Proceedings of the First International Conference on Advances in Forensics and Cyber Technologies (ICFACT 2025)

A Nano-Tagging–Based Framework for Secure Drone Evidence Handling

Authors
Niharika Puri1, *, Padigela Srinivas Reddy2
1Department of Digital Forensics, School of Sciences, Malla Reddy University, Hyderabad, India
2Department of Physics, Malla Reddy University, Hyderabad, TS, 500043, India
*Corresponding author. Email: niharikapuri1208@gmail.com
Corresponding Author
Niharika Puri
Available Online 5 May 2026.
DOI
10.2991/978-94-6239-610-4_36How to use a DOI?
Keywords
Drone forensics; UAVs; Robustness; Nano-tagging; and Chain of custody
Abstract

With the rapid increase in drone usage for both legitimate and criminal activities, digital forensic analysts face growing challenges in preserving, authenticating, and verifying evidence collected from UAVs (Unmanned Aerial Vehicles)[3][6]. By using drones as evidence, there can be many other challenges, such as components duplication (counterfeit or cloned parts), chain of custody vulnerabilities and legal governing limitations.[3][6]

Existing forensic approaches towards UAVs (drones) are lacking in many ways such as the absence of material-level identification (physical markers), a weak chain of custody for physical components and insufficient anti-counterfeiting measures. These limitations significantly weaken attribution and evidentiary robustness in drone-related investigations.

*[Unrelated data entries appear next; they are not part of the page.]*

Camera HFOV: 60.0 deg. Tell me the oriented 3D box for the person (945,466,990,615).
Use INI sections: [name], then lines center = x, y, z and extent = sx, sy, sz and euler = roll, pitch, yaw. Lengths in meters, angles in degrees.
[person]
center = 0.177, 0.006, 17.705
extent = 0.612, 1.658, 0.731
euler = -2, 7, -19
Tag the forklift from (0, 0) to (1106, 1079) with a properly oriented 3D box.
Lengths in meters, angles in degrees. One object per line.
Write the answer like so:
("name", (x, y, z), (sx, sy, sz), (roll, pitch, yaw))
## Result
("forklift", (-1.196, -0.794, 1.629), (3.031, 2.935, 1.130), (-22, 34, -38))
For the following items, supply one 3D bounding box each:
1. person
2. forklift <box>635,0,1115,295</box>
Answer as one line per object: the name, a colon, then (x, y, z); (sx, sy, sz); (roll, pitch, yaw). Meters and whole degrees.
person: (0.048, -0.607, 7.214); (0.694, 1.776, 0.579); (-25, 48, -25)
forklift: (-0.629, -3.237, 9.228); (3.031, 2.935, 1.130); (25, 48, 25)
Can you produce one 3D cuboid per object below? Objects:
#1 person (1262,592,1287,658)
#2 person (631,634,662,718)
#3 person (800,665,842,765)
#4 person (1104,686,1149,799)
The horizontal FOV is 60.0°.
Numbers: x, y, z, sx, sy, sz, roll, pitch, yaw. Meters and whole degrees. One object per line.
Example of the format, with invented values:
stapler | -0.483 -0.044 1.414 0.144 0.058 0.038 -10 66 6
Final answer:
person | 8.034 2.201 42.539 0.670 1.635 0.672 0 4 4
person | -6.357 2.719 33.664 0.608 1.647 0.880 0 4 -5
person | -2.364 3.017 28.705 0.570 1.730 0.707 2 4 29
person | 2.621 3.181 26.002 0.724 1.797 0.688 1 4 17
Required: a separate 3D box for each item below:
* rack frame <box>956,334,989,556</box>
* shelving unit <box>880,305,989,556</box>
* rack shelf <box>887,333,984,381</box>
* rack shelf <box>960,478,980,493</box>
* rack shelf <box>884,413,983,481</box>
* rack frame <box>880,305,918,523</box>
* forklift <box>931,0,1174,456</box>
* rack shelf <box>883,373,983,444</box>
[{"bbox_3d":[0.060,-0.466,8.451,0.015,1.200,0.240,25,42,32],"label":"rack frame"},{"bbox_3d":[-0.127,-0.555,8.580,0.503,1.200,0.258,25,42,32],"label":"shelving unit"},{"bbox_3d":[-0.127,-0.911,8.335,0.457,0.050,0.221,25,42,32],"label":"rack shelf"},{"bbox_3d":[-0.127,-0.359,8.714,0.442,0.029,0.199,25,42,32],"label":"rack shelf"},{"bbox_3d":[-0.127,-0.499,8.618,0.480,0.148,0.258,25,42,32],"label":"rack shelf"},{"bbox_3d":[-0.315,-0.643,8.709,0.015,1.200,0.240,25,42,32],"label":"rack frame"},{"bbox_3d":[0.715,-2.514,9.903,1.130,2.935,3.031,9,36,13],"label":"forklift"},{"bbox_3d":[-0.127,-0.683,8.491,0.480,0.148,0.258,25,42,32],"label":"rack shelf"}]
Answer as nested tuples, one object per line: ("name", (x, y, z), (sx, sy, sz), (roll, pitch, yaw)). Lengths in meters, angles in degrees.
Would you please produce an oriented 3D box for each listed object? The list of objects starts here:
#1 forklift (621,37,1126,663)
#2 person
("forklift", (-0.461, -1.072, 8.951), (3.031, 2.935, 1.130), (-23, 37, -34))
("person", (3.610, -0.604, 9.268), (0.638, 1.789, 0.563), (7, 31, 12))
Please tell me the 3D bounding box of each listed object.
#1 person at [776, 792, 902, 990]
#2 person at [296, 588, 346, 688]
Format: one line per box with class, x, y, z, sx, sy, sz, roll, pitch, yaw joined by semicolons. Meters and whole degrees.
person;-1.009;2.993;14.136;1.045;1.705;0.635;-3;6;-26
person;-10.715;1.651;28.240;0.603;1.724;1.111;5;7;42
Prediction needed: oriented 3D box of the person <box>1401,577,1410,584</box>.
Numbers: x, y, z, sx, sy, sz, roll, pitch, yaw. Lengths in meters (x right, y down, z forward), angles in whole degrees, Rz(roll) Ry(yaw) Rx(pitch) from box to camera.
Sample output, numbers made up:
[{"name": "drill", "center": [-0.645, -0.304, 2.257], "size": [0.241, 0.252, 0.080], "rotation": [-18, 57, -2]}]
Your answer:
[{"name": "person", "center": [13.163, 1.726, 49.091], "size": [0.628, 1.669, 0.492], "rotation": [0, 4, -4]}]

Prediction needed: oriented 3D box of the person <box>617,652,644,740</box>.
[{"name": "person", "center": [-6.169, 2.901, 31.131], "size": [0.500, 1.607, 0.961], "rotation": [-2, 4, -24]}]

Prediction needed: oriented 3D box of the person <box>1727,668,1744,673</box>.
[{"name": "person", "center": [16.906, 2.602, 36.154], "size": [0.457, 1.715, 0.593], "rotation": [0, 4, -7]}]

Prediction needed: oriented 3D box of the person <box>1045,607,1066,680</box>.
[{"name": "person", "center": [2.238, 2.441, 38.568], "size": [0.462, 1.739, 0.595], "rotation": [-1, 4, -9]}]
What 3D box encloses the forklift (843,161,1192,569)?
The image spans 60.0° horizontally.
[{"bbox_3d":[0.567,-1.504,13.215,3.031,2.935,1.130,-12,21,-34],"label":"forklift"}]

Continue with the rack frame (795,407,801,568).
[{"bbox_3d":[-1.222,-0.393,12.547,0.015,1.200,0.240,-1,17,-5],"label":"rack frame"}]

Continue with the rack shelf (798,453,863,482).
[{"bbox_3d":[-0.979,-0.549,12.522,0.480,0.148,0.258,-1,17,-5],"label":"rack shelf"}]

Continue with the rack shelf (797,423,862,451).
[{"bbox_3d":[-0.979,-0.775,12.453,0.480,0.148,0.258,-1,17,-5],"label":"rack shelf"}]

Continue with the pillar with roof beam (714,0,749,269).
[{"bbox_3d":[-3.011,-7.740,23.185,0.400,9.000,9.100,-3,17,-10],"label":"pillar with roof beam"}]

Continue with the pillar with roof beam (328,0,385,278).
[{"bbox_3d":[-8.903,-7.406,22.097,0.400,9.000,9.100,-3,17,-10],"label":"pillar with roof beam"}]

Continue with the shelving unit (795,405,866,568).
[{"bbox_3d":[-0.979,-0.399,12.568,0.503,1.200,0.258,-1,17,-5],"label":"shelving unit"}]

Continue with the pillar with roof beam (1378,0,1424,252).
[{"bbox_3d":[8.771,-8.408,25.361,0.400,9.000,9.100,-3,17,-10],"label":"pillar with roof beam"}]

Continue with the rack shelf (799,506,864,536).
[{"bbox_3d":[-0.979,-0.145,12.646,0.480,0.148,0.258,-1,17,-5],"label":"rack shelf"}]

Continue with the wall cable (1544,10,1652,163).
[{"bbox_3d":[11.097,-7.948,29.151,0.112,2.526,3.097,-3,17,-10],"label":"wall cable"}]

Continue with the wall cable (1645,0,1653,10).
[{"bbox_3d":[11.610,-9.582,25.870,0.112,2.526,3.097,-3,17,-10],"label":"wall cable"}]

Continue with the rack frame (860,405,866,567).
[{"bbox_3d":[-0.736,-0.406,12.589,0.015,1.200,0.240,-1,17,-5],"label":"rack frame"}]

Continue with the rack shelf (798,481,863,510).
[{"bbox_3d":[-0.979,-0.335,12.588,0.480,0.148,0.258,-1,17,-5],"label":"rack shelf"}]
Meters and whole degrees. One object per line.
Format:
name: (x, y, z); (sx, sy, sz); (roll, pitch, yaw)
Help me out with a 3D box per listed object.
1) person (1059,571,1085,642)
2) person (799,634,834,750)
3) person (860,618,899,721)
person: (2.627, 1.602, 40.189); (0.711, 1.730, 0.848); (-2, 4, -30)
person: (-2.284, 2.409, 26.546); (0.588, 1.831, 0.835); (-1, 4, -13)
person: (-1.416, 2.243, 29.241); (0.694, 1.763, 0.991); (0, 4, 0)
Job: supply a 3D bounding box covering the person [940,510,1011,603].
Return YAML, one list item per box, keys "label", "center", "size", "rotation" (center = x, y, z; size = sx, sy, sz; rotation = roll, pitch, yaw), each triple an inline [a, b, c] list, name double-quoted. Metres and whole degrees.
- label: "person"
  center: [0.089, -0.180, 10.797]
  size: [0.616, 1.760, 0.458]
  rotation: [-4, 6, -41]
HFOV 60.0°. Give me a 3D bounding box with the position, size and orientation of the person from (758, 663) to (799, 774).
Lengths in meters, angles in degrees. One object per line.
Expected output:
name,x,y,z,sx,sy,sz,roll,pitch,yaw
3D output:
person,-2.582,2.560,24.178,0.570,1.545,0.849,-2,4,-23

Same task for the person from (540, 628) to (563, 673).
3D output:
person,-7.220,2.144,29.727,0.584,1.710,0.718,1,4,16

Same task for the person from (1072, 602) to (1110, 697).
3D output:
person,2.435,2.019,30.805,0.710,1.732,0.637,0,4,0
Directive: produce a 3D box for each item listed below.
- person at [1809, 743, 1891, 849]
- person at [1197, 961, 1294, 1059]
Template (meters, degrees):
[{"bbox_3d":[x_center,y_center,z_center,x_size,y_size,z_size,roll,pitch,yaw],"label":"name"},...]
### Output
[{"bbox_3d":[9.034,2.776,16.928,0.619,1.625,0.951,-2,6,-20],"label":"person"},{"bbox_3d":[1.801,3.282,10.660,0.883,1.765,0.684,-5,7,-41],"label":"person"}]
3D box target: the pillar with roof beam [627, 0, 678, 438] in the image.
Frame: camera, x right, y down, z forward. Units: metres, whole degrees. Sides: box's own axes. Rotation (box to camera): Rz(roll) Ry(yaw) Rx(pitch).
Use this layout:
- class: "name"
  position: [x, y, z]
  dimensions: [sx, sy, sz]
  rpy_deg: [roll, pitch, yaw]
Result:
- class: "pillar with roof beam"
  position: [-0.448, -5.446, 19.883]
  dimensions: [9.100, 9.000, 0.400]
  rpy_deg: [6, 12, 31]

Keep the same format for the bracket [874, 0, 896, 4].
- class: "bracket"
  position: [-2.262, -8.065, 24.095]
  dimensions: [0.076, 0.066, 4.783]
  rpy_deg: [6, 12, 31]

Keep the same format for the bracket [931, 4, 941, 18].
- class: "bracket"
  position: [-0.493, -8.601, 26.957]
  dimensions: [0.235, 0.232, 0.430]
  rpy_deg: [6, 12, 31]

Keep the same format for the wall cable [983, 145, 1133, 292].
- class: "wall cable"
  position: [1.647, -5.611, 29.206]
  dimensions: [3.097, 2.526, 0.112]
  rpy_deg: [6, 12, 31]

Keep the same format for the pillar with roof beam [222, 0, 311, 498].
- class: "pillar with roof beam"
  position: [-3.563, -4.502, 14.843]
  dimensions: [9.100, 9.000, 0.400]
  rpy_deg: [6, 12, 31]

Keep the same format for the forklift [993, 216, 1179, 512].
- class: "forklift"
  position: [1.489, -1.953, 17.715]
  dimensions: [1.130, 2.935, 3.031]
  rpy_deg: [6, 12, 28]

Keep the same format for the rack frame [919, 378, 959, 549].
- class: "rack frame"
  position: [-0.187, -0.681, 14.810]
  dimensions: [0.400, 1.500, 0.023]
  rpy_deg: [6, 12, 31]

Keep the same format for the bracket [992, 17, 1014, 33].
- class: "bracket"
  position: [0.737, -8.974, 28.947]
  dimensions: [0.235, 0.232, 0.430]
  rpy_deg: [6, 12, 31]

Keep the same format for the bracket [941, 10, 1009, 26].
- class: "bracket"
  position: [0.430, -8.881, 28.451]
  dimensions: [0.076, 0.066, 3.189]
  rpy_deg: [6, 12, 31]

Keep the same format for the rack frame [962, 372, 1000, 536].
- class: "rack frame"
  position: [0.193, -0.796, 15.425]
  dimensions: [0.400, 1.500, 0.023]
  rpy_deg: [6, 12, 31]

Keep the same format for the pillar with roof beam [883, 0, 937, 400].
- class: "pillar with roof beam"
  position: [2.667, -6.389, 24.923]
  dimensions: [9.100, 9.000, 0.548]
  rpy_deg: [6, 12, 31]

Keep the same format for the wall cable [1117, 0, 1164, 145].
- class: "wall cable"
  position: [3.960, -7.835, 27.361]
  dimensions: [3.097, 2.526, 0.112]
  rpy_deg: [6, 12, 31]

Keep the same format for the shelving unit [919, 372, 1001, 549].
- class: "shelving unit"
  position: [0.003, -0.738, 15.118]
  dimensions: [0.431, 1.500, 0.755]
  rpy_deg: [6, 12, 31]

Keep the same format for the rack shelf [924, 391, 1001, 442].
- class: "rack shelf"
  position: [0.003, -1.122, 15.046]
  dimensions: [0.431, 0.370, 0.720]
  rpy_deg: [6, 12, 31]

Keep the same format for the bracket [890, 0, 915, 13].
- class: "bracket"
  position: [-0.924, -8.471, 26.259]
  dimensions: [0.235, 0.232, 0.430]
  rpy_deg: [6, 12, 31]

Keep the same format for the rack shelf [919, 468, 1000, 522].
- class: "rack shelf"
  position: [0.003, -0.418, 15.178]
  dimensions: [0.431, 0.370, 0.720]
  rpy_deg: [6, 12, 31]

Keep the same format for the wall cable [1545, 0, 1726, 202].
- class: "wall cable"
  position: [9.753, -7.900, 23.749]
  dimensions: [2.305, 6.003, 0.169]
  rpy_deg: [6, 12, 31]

By embedding forensic identity directly into drone components, nano-tagging addresses long-standing challenges related to attribution, chain of custody, and evidence integrity that remain unresolved in existing UAV forensic framework[1][2]. As drones have digital markers that may crash after any incident, nano-tagging will help in embedding the physical identifiers (nanotags) in UAVs. It also assists in developing the device-level assumption to the component-level attribution. Besides that, nano-tagging aids in resistance to anti-forensic attacks, component manipulation and digital data integrity. Nanotags have physically unclonable features (impossible to duplicate)[5]. Nanotags act as covert evidence in forensics[1].

Copyright
© 2026 The Author(s)
Open Access
Open Access This chapter is licensed under the terms of the Creative Commons Attribution-NonCommercial 4.0 International License (http://creativecommons.org/licenses/by-nc/4.0/), which permits any noncommercial use, sharing, adaptation, distribution and reproduction in any medium or format, as long as you give appropriate credit to the original author(s) and the source, provide a link to the Creative Commons license and indicate if changes were made.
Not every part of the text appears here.